Wait a minute. Is an intake manufacturer actually giving us a timeline? ZOMG.

To bad I'm not buying it unless I can construct a heatshield and leave it as a short ram intake.


----------



## ChevyPower (Nov 9, 2010)

VictoryRed08 said:


> Wait a minute. Is an intake manufacturer actually giving us a timeline? ZOMG.
> 
> To bad I'm not buying it unless I can construct a heatshield and leave it as a short ram intake.


Sometimes Injen supplies a heatshield with their intakes.



Does anyone have anymore information on this Chevrolet Cruze Injen intake? I would like to know more about it, maybe even a picture too!


----------



## 70AARCUDA (Nov 14, 2010)

ChevyPower said:


> Sometimes Injen supplies a heatshield with their intakes.
> 
> Does anyone have anymore information on this Chevrolet Cruze Injen intake? I would like to know more about it, maybe even a picture too!

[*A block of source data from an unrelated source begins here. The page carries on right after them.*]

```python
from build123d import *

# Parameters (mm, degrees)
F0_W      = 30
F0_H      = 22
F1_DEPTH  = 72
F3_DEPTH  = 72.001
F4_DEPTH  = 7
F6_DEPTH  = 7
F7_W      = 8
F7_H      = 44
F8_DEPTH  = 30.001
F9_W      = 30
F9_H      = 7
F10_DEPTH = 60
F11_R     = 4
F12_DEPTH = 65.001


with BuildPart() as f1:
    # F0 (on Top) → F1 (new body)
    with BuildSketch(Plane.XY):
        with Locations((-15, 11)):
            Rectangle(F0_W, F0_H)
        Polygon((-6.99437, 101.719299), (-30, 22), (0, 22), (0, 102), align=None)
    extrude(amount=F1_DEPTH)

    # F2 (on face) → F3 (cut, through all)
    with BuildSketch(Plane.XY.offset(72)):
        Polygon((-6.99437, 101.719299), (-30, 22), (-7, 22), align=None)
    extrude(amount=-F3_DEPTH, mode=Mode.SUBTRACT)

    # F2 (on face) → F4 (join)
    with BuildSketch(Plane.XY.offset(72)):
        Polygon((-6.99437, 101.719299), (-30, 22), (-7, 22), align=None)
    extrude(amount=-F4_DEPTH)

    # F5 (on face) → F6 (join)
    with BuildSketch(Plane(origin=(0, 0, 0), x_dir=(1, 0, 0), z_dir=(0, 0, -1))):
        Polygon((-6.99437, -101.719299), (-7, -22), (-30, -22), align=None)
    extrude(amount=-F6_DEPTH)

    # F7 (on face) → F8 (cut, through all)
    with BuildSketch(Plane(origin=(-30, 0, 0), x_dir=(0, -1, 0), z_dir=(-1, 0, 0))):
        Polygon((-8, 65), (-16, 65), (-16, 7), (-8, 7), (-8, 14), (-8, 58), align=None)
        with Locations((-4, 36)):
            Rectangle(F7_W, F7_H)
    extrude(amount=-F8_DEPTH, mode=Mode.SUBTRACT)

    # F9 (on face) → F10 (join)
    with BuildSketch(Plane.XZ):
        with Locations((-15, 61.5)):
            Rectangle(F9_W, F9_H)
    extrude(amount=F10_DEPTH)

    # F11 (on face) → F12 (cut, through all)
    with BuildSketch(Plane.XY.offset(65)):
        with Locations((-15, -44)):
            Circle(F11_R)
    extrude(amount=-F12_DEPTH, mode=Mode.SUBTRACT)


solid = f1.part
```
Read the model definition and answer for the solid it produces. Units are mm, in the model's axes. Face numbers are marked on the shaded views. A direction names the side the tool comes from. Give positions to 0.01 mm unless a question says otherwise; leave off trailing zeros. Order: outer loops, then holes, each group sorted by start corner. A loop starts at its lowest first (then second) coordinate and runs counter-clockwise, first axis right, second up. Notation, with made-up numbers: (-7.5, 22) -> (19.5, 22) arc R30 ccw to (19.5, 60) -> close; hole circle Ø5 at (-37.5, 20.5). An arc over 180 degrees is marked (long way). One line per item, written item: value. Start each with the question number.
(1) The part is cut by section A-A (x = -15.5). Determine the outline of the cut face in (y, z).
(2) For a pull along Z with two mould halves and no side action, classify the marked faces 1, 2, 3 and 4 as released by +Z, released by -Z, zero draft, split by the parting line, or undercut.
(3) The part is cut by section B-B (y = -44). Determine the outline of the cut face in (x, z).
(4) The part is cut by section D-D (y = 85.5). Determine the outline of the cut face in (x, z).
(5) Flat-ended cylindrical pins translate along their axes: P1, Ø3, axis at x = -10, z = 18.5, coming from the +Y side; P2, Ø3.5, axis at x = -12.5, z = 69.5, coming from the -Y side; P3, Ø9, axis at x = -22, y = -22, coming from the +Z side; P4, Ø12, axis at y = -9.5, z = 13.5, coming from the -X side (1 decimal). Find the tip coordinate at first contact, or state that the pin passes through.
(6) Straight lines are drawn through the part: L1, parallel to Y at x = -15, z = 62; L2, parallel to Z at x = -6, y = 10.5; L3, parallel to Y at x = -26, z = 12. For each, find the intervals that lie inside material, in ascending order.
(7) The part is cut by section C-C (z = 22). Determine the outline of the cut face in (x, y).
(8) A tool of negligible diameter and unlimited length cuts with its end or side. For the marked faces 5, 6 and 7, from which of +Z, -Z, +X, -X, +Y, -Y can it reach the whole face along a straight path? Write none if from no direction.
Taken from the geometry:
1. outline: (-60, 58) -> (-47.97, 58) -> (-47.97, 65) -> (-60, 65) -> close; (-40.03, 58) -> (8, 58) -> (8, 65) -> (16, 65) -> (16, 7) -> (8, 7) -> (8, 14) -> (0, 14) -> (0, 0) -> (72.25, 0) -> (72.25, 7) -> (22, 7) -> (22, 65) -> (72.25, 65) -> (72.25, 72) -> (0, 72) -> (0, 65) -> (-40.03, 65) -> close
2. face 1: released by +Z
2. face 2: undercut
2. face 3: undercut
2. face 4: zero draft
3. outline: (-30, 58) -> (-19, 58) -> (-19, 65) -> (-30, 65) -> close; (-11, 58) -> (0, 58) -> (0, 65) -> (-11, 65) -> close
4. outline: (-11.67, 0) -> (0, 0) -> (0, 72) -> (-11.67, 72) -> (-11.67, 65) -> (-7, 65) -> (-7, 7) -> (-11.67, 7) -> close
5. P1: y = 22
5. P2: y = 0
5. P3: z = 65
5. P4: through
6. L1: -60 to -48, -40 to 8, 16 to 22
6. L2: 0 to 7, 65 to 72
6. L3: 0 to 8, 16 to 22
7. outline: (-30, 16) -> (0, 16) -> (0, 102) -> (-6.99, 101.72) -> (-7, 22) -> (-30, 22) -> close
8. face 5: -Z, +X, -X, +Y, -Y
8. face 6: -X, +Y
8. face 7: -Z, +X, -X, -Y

...try contacting *Injen* directly and ask if they might send you a "pre-release" copy of their "*Installation Instructions*" for the Cruze that contains pictures of components and where/how they fit together and where/how they fit into the engine compartment.


----------



## gfxdave99 (Feb 26, 2011)

1. install pics

http://www.cruzetalk.com/forum/10-c...507-injen-intake-installation-steps-pics.html

2. Video 

http://www.cruzetalk.com/forum/15-c...1491-injen-intake-sound-sample-video-1-a.html


----------



## ifiwasperfect (Dec 22, 2010)

gfxdave99 said:


> 1. install pics
> 
> http://www.cruzetalk.com/forum/10-c...507-injen-intake-installation-steps-pics.html
> 
> ...


Hey Dave, any pricing info? A rough estimate I'll do!


----------



## WHITECO (Mar 31, 2011)

VictoryRed08 said:


> Wait a minute. Is an intake manufacturer actually giving us a timeline? ZOMG.
> 
> To bad I'm not buying it unless I can construct a heatshield and leave it as a short ram intake.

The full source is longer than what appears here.